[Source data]
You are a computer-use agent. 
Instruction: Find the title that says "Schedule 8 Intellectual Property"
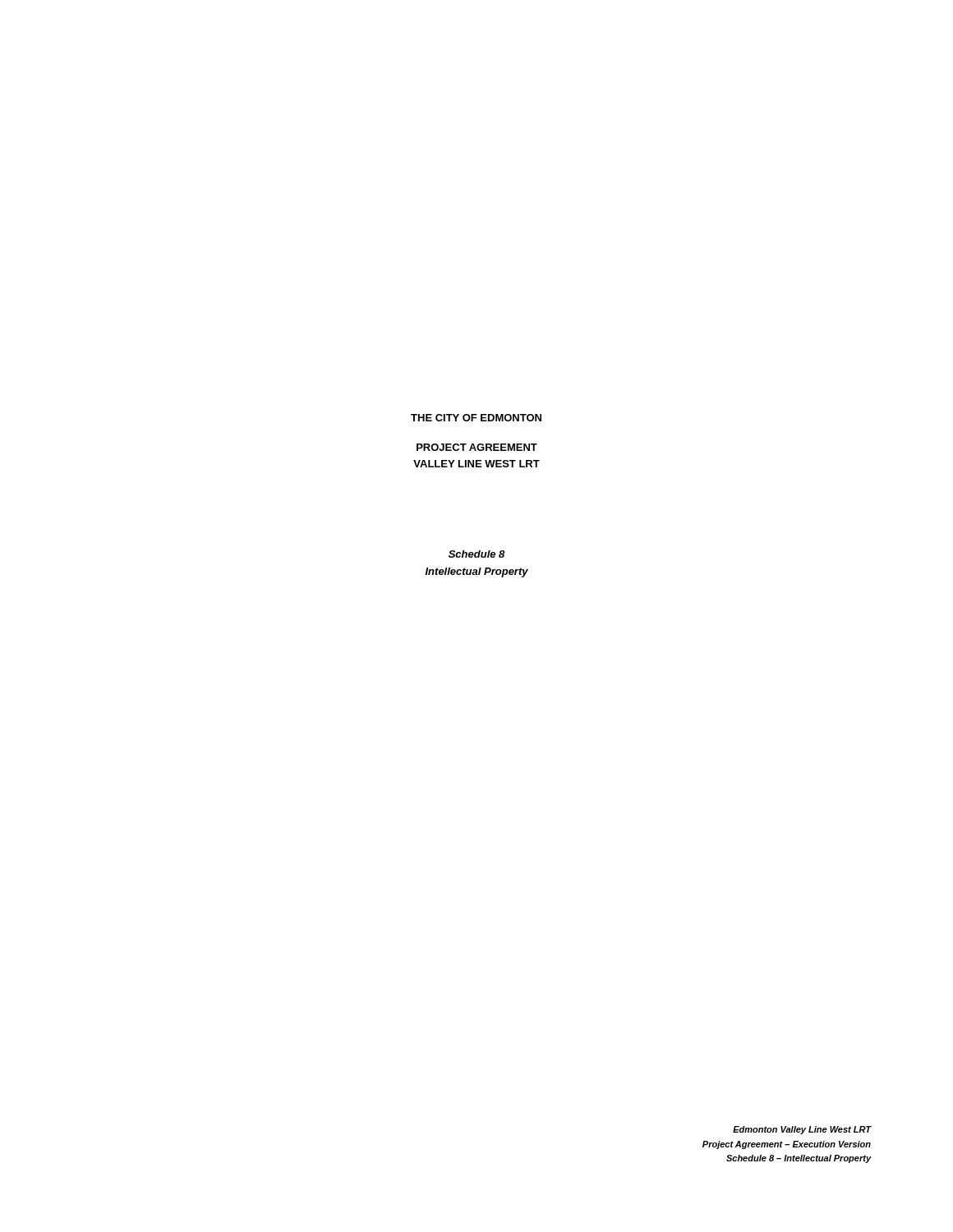pos(476,563)
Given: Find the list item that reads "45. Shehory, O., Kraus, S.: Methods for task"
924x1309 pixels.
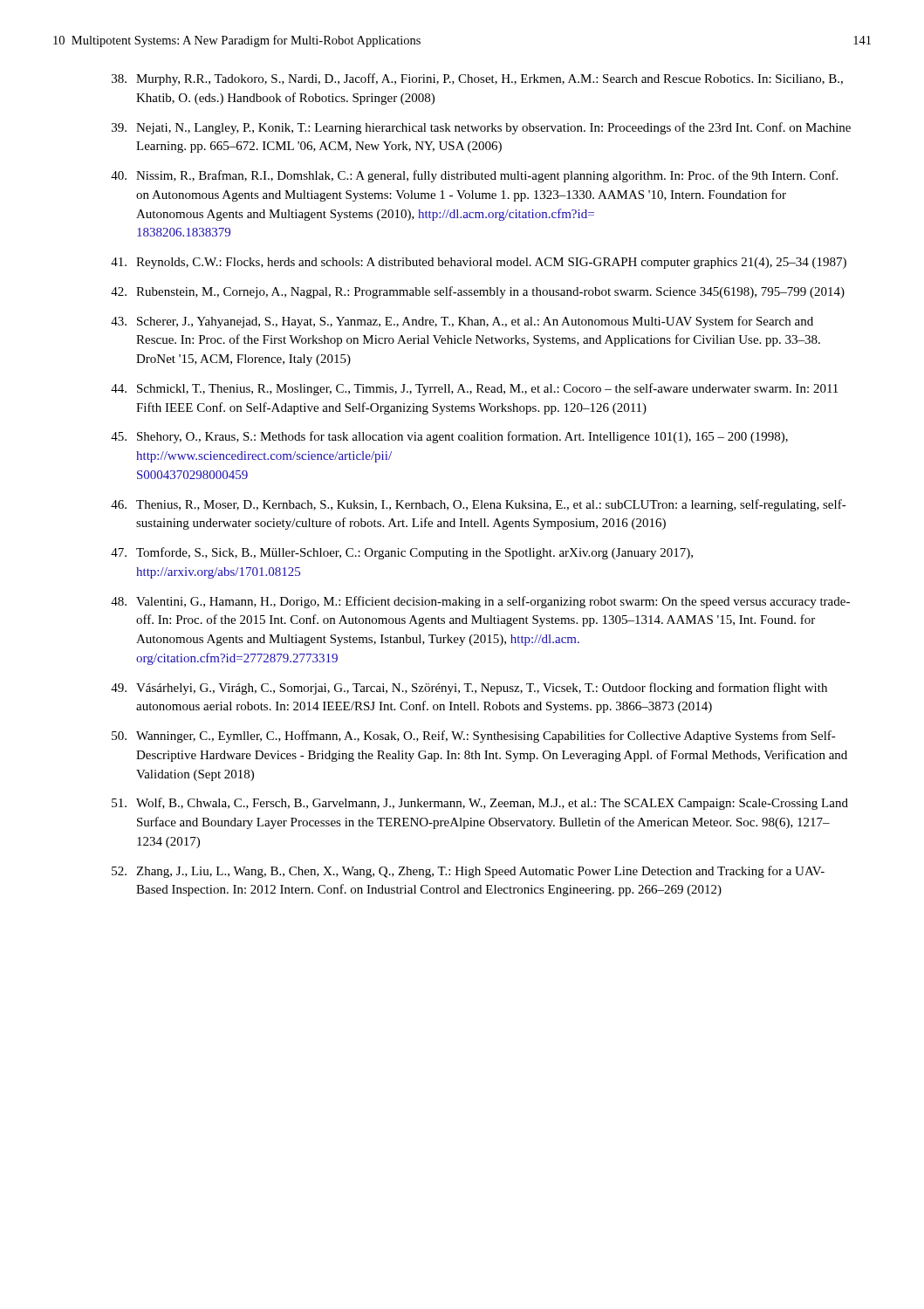Looking at the screenshot, I should [449, 437].
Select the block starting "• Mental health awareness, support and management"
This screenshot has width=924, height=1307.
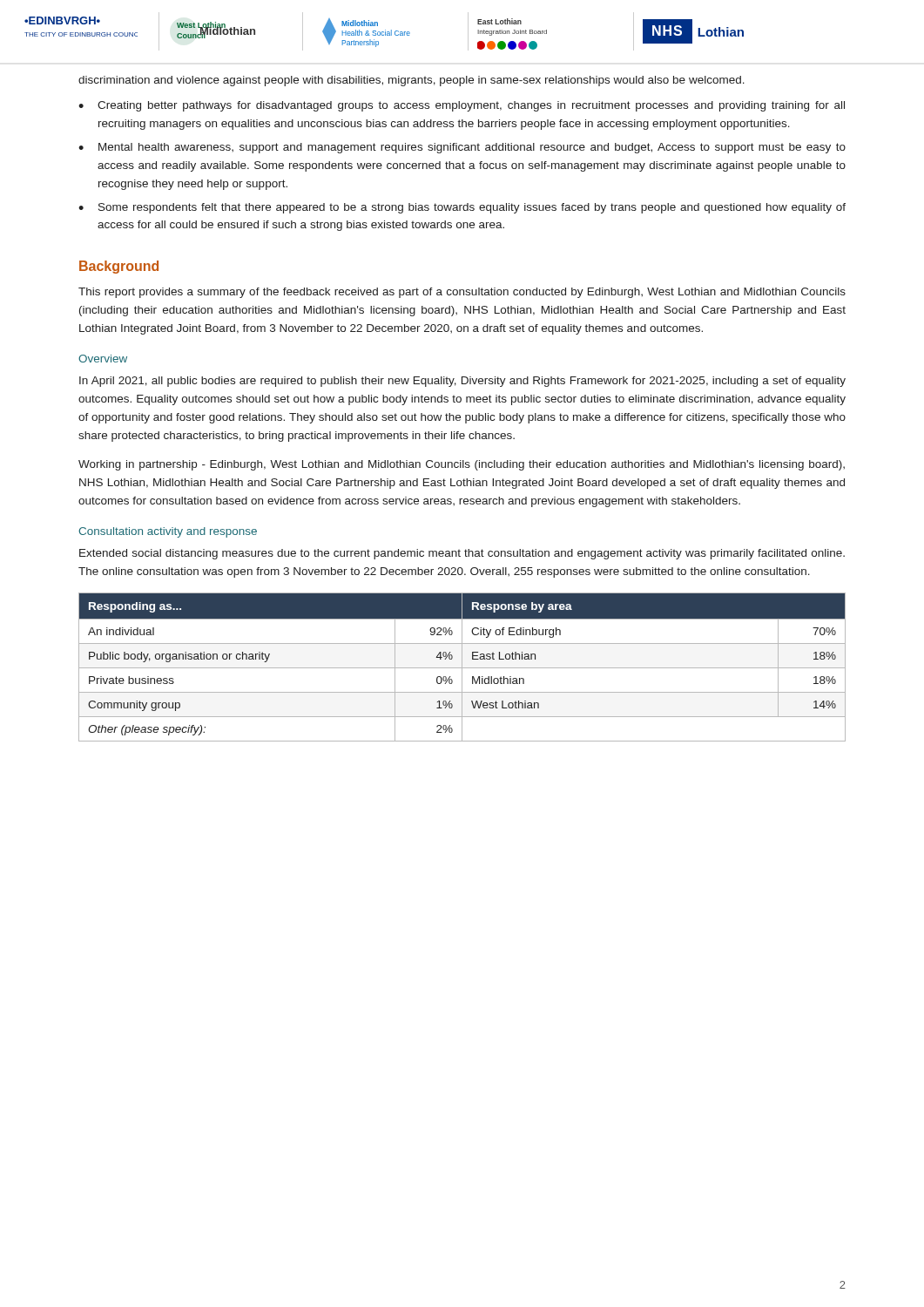click(x=462, y=166)
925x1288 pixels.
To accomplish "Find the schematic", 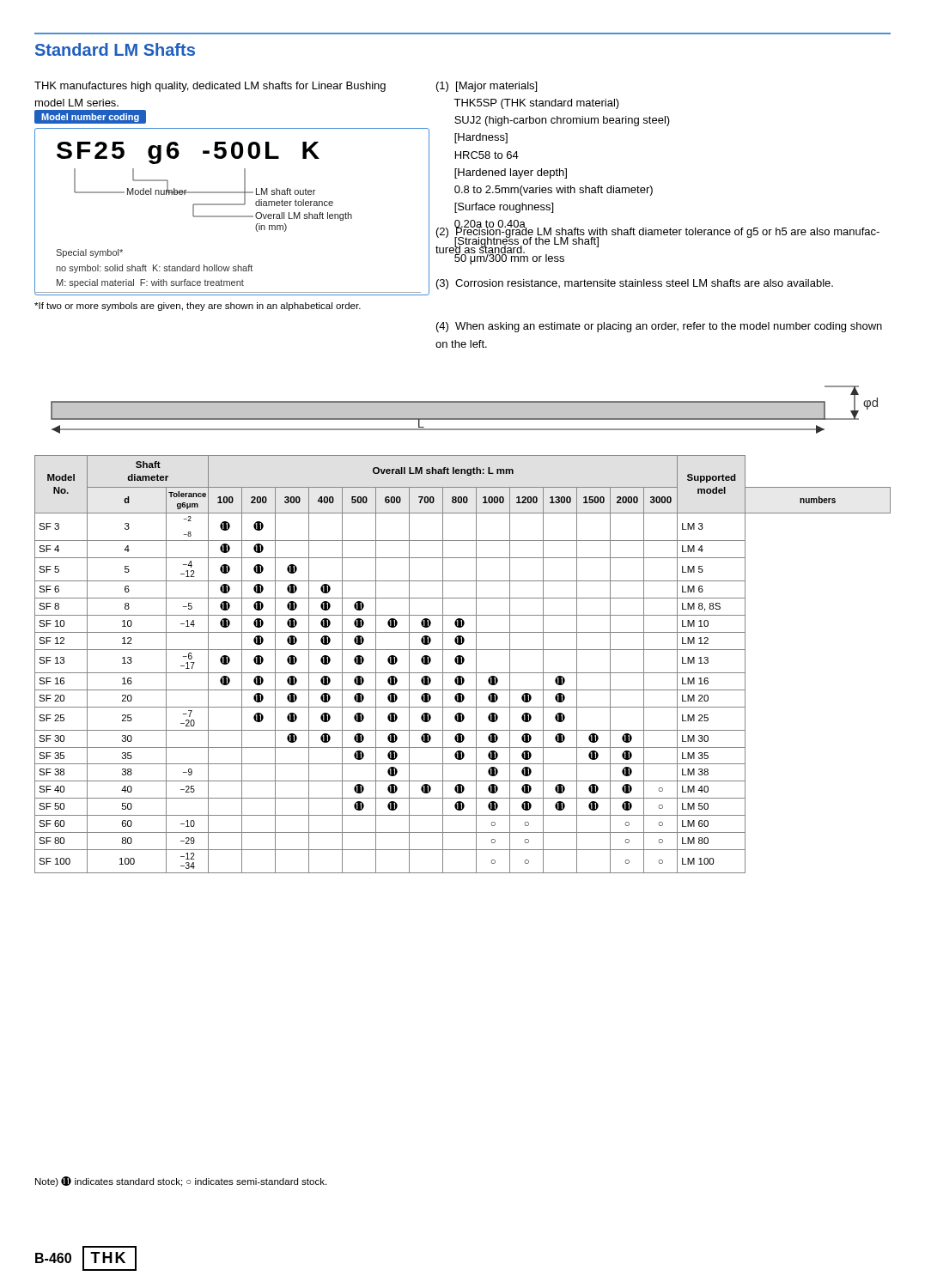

EXERCISE DIRECTIONS -> This task calls for an exact copy of the data above, without pictures.

TASK OUTPUT ->
You are a computer-use agent. 
Instruction: Find the title that says "Schedule 8 Intellectual Property"
pos(476,563)
Given: Find the list item that reads "45. Shehory, O., Kraus, S.: Methods for task"
924x1309 pixels.
Looking at the screenshot, I should [449, 437].
Select the block starting "• Mental health awareness, support and management"
This screenshot has width=924, height=1307.
click(x=462, y=166)
925x1288 pixels.
To accomplish "Find the schematic", 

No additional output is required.